Task description:
Leave out the pictures and reproduce all of the data exactly.

(Beginning of Provided material)

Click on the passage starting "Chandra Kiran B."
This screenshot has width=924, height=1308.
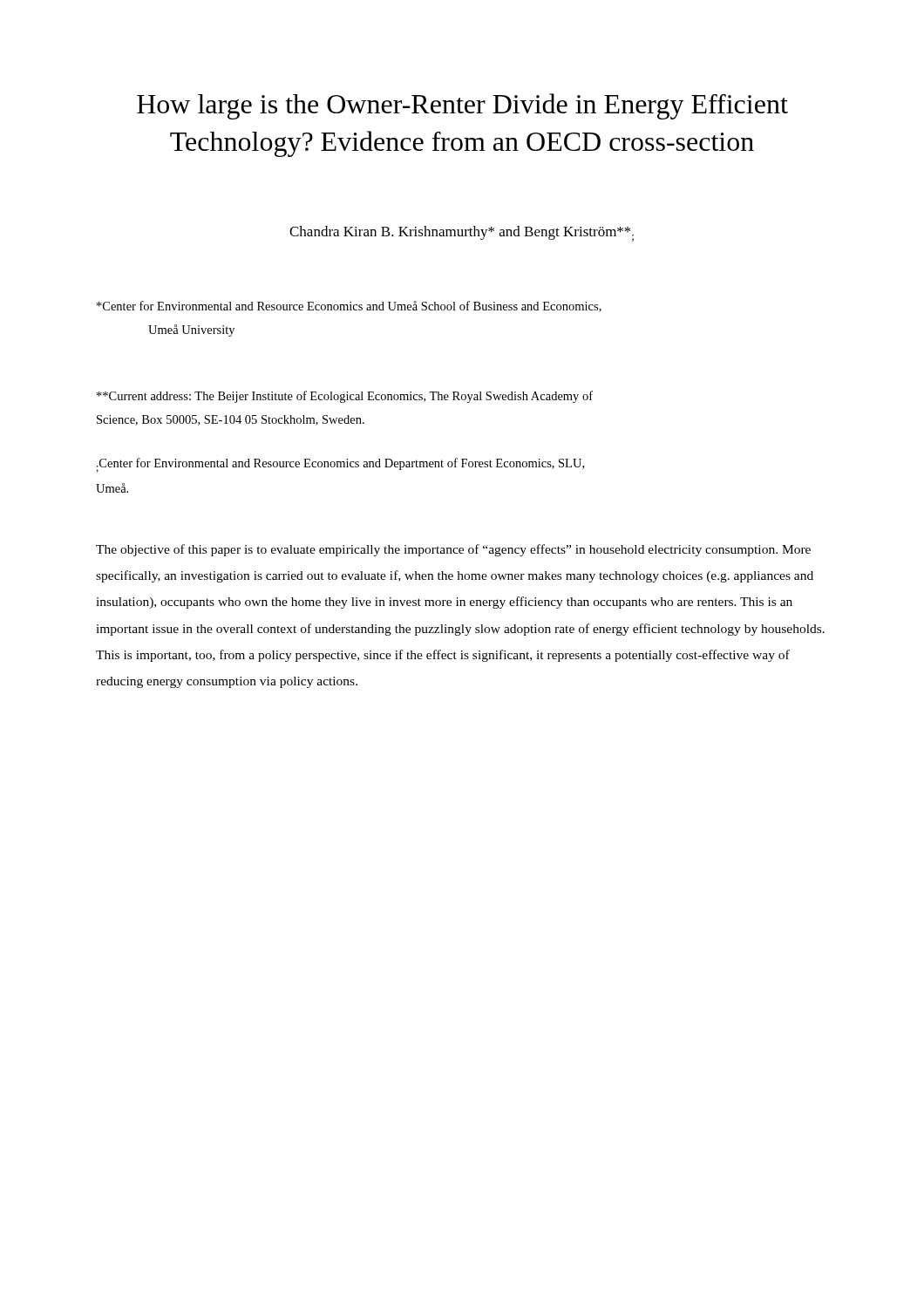(x=462, y=233)
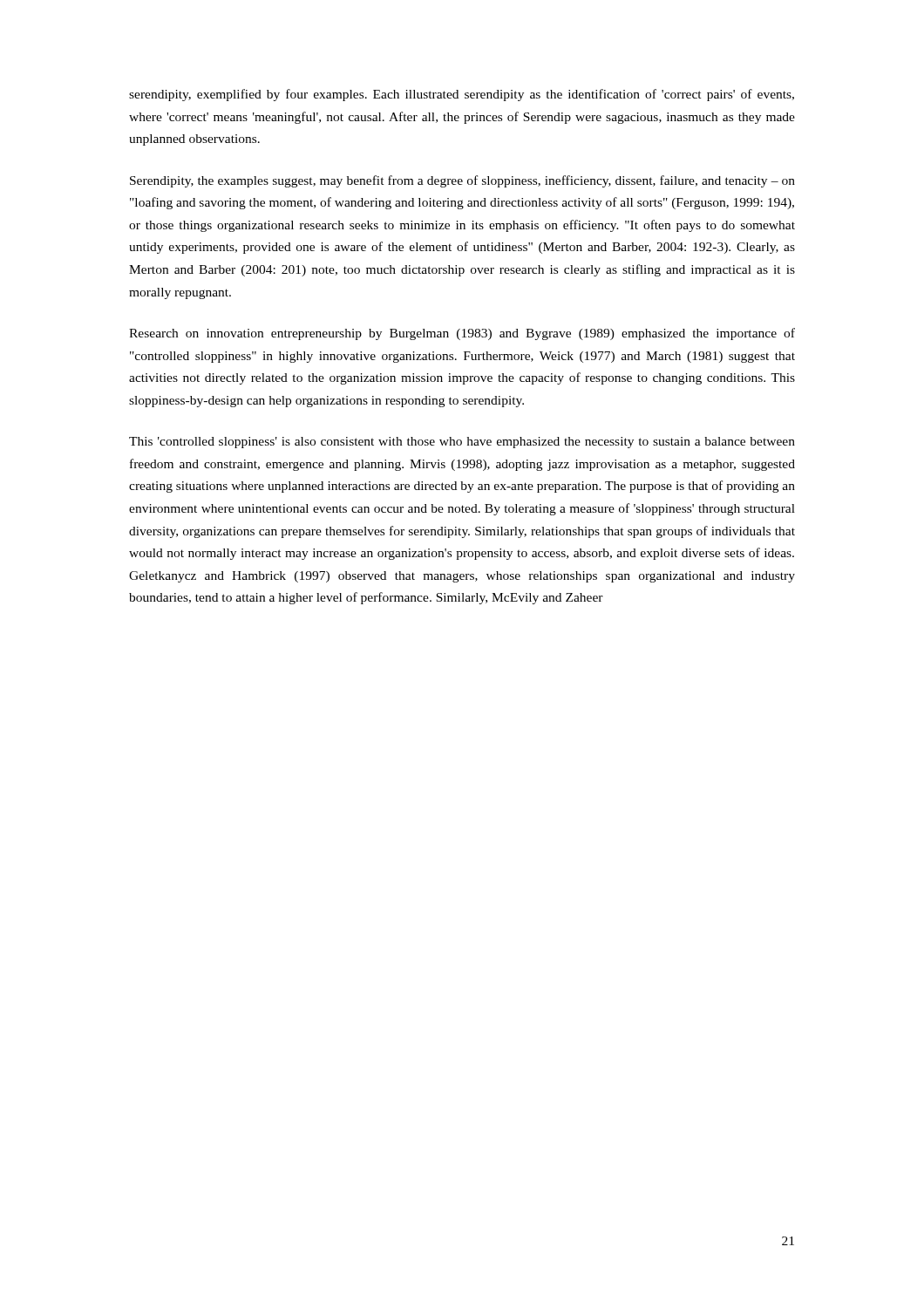Image resolution: width=924 pixels, height=1308 pixels.
Task: Locate the block of text that opens with "Serendipity, the examples suggest, may benefit from"
Action: pos(462,236)
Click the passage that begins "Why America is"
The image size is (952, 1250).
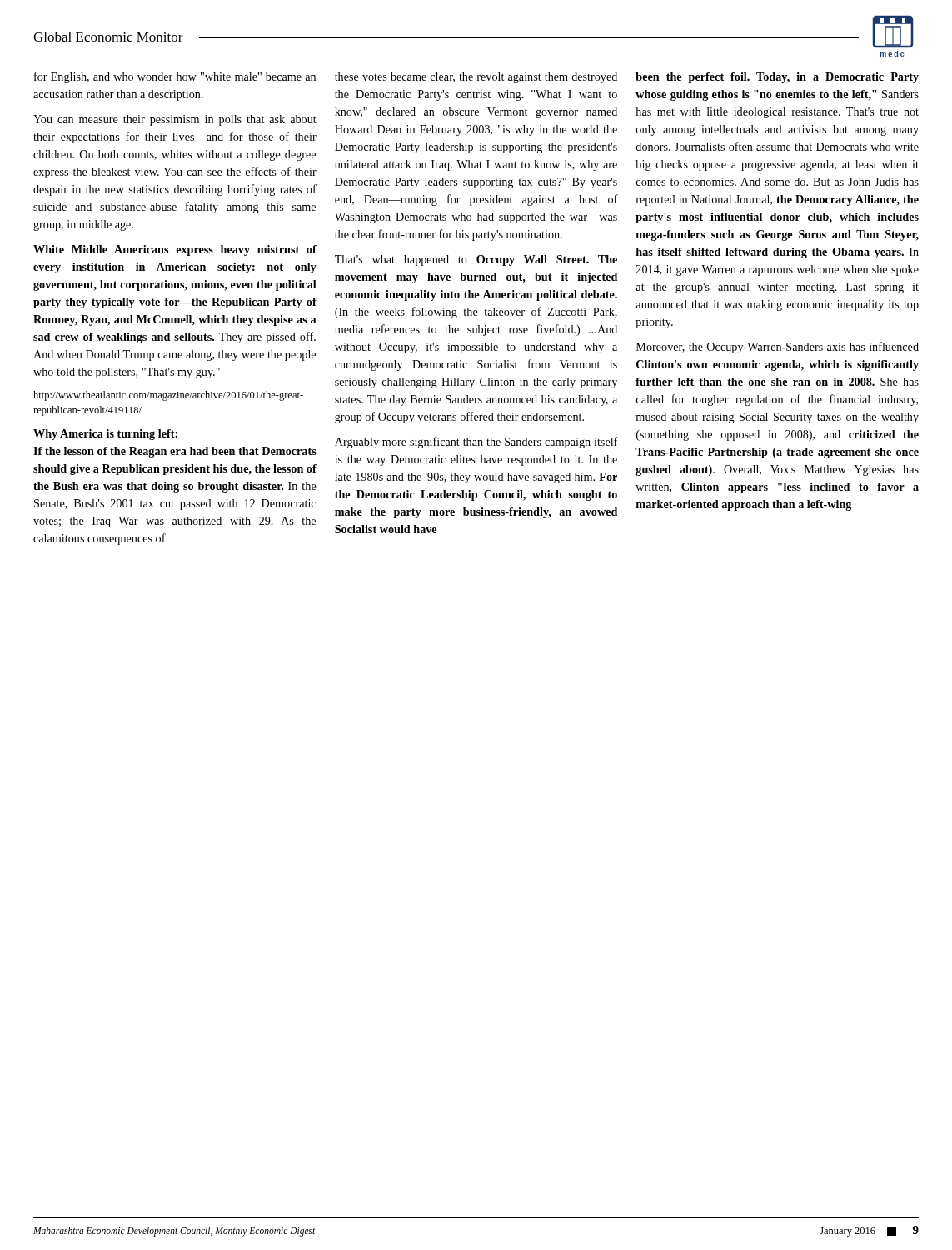click(x=175, y=486)

(End of Provided material)

Output below:
Click on the passage starting "Chandra Kiran B."
This screenshot has width=924, height=1308.
(x=462, y=233)
Image resolution: width=924 pixels, height=1308 pixels.
Task: Locate the block of text that opens with "Serendipity, the examples suggest, may benefit from"
Action: pos(462,236)
Click the passage that begins "Why America is"
The image size is (952, 1250).
click(x=175, y=486)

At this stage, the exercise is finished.